Economy

Big Brands Keep Raising Prices, With Limited Shopper Resistance

From soda to soap, consumer giants like PepsiCo and Unilever continue to raise the prices of their products significantly, passing on the higher costs they face, and consumers continue to spend, cutting back only modestly in recent months.

Prices will continue to rise, or at least remain at high levels, executives said.

On Thursday, PepsiCo reported that it raised prices 16 percent in the fourth quarter from the same period a year earlier, while sales volumes, which measure the number of Mountain Dew cans and bags of Doritos that were sold, fell 2 percent.

Also on Thursday, Unilever said that it had raised prices for its products, which include Ben & Jerry’s ice cream and Dove soap, more than 13 percent in the fourth quarter, the eighth consecutive acceleration in prices.

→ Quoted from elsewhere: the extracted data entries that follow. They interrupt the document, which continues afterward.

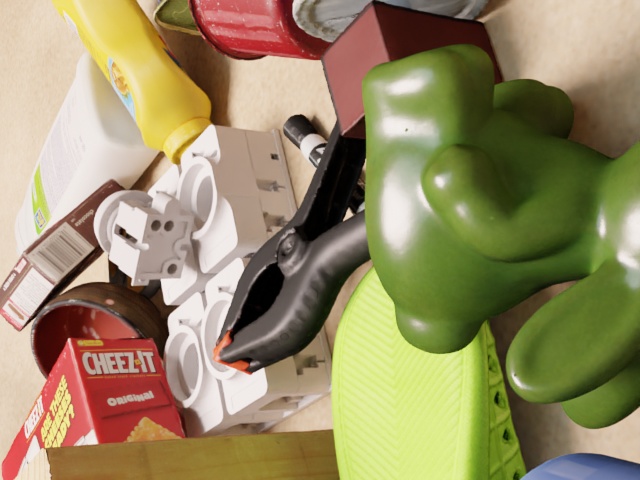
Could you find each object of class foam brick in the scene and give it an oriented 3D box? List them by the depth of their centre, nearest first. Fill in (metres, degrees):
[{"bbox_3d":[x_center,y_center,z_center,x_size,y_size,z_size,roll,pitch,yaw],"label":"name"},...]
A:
[{"bbox_3d":[0.049,-0.085,0.560,0.053,0.078,0.051,-41,56,47],"label":"foam brick"}]

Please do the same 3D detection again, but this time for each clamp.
[{"bbox_3d":[-0.004,0.001,0.610,0.172,0.039,0.120,-45,29,20],"label":"clamp"}]

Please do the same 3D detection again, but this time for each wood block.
[{"bbox_3d":[-0.059,0.163,0.577,0.090,0.205,0.091,-46,51,42],"label":"wood block"}]

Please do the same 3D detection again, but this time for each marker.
[{"bbox_3d":[0.009,-0.043,0.661,0.121,0.020,0.020,51,127,43],"label":"marker"}]

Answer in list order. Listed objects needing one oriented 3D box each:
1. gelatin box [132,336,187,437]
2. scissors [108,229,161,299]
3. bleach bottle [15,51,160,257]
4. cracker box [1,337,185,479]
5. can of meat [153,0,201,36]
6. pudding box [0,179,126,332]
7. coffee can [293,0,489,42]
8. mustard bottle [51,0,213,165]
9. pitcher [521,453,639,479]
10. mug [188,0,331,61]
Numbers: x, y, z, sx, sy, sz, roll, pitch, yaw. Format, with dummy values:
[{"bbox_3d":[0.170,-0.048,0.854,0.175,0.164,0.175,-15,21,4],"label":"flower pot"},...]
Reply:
[{"bbox_3d":[-0.126,0.126,0.785,0.089,0.030,0.073,40,127,2],"label":"gelatin box"},{"bbox_3d":[-0.165,0.068,0.896,0.096,0.016,0.202,24,107,52],"label":"scissors"},{"bbox_3d":[-0.218,-0.055,0.942,0.251,0.067,0.102,-42,54,47],"label":"bleach bottle"},{"bbox_3d":[-0.136,0.196,0.699,0.164,0.071,0.214,-54,47,37],"label":"cracker box"},{"bbox_3d":[-0.081,-0.211,0.769,0.102,0.057,0.084,-32,59,48],"label":"can of meat"},{"bbox_3d":[-0.202,0.011,0.849,0.039,0.113,0.090,44,136,-2],"label":"pudding box"},{"bbox_3d":[0.032,-0.188,0.569,0.103,0.102,0.140,-18,72,52],"label":"coffee can"},{"bbox_3d":[-0.133,-0.126,0.799,0.192,0.058,0.096,56,169,16],"label":"mustard bottle"},{"bbox_3d":[0.164,0.138,0.346,0.243,0.149,0.145,8,135,57],"label":"pitcher"},{"bbox_3d":[-0.022,-0.164,0.649,0.082,0.093,0.117,18,123,48],"label":"mug"}]
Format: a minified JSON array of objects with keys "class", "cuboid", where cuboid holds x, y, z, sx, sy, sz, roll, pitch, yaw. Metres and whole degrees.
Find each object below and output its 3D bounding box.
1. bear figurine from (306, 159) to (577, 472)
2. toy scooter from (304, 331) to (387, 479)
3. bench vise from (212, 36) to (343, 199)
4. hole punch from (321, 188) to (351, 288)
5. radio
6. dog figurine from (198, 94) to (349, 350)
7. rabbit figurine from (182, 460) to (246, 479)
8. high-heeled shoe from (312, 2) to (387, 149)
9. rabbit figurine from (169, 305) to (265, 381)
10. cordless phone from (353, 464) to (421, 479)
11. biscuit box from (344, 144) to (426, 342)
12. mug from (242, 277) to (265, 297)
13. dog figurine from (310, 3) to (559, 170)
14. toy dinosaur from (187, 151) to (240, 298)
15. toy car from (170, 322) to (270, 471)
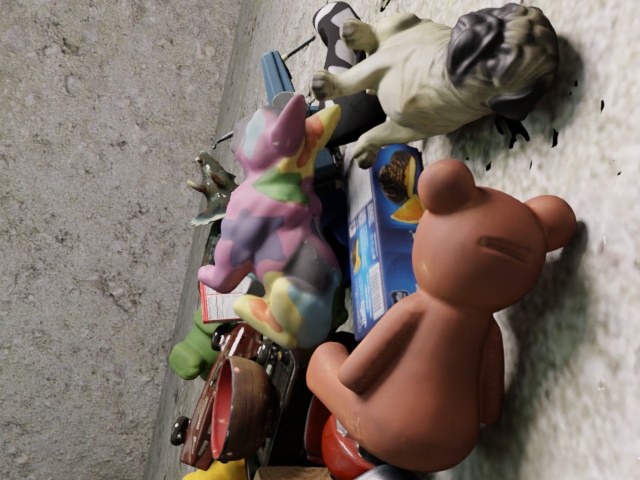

It also reported that its sales volumes shrank, but by a lot less than prices had risen. Revenue growth at both companies beat analyst expectations.

Executives at Unilever suggested that they could have raised prices even higher, but held back. “We were very mindful of the pressure on consumers and chose not to fully offset the extraordinary level of cost inflation through pricing,” Graeme Pitkethly, Unilever’s chief financial officer, told analysts on a call. The company would continue to raise prices in the first half of this year, he said, and expected volumes to continue to fall, as inflation remained a “key theme” in 2023.

Pressure on profit margins, reflected in more modest forecasts for many companies’ earnings this year, suggested that consumers would continue pulling back. That is already hitting some companies harder than others: Last month, Procter & Gamble reported its first drop in sales in years, as price increases — it raised prices 10 percent in the fourth quarter — were offset by steeper volume declines than at its competitors.

While inflation has cooled, it continues to run higher than policymakers at the Federal Reserve would like. The Consumer Price Index rose at an annual pace of 6.5 percent in December, the slowest rate since late 2021. The Fed is expected to continue raising interest rates, squeezing consumers by crimping economic growth and making borrowing more expensive.

But the labor market remains surprisingly strong, which bolsters consumer spending and allows shoppers to absorb higher prices. Companies tend to be reluctant to cut prices once they have raised them.

Consumers are “holding up better than what we would have probably expected — or maybe what I would have expected — a year ago or six months ago,” Chris Kempczinski, the chief executive of McDonald’s, told investors last week. Despite raising prices, the fast-food giant has recently generated higher profits and recorded more visits to its restaurants.

Chipotle Mexican Grill has also been able to raise prices without significant resistance, reporting on Tuesday a big jump in profit for the fourth quarter. “We continue to see the higher-income consumer, the individual that earns over $100,000, coming more often,” Brian Niccol, Chipotle’s chief executive, said on a call with investors.